For an initial test, we manually create an input batch and perturb it
with the wrapped augmentation:

.. code:: ipython3

    # Create batch with sample image
    i = 0
    x, y, md = dataset[i]
    x = torch.as_tensor(x)
    xb, yb, mdb = [x], [y], [md]
    
    # Apply augmentation
    xb_aug, yb_aug, mdb_aug = noise((xb, yb, mdb))
    
    # Get predictions for augmented batch (which just has one image for this example)
    preds_aug = model(xb_aug)
    
    # Overlay detections on image
    xb_aug = torch.as_tensor(xb_aug[0])
    img_aug = create_pil_image(xb_aug, preds_aug[0], index2label)
    
    # Show result
    fig, ax = plt.subplots()
    ax.axis("off")
    ax.set_title("Perturbed")
    ax.imshow(img_aug);


.. image:: torchvision_object_detection_files/torchvision_object_detection_39_0.png


We see that the noise has resulted in some errors.

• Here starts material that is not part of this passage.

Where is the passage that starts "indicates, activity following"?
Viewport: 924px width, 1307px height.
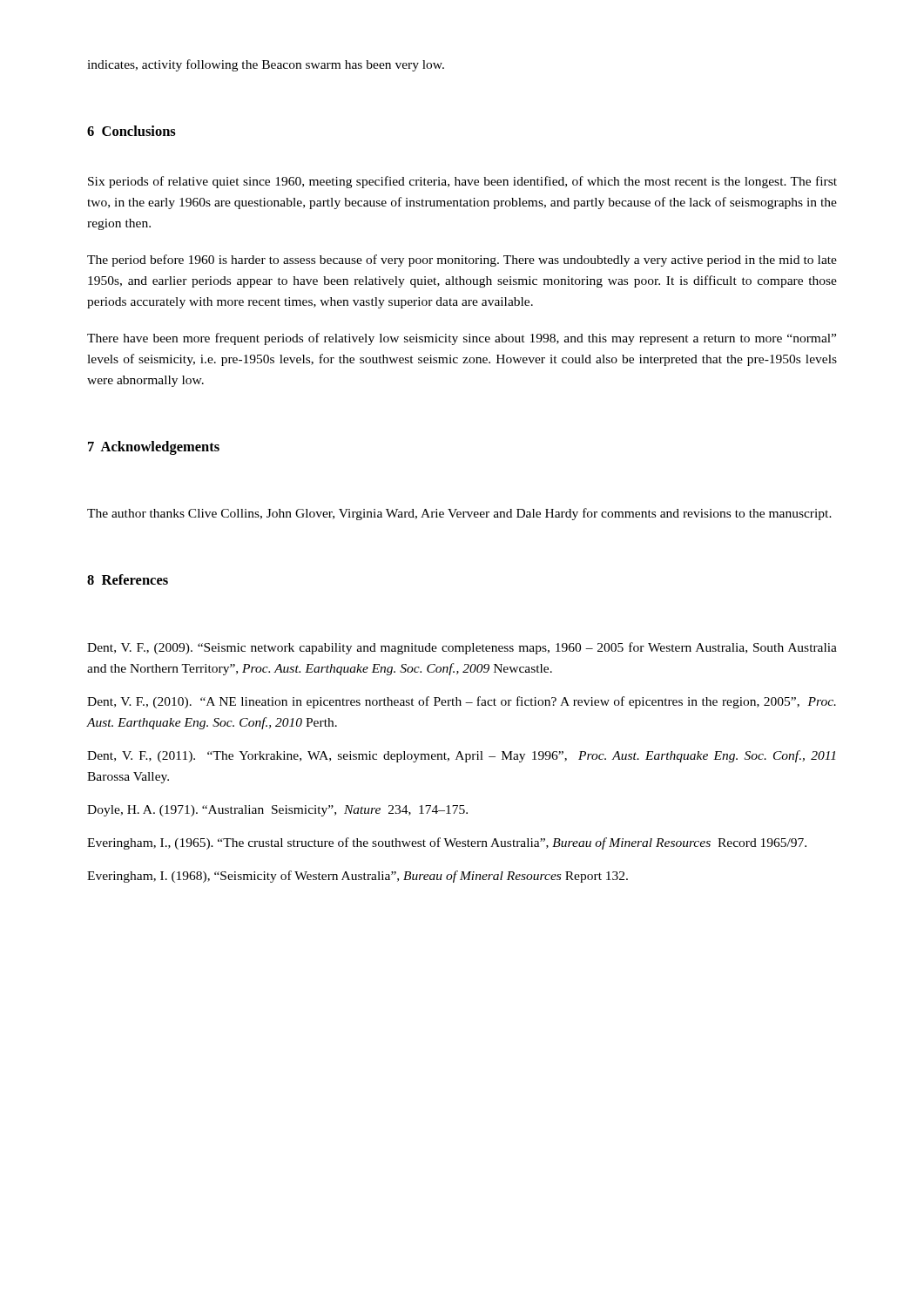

Finally, we run ``evaluate`` with the augmentation over the dataset:

.. code:: ipython3

    # Run evaluate over perturbed dataset
    results, _, _ = evaluate(
        model=model,
        dataset=dataset,
        metric=mAP_metric,
        augmentation=noise,
    )
    
    # Report mAP_50 performance
    results["map_50"]


.. parsed-literal::

      0%|          | 0/4 [00:00<?, ?it/s]


.. parsed-literal::

    tensor(0.2121)


We see that the mAP_50 performance has decreased due to the simulated
image degradation.

Congrats! You have now successfully used MAITE to wrap a dataset, model,
metric, and augmentation from various libraries, and run an evaluation
to compute the performance of the pretrained model on both clean and
perturbed versions of the COCO validation subset.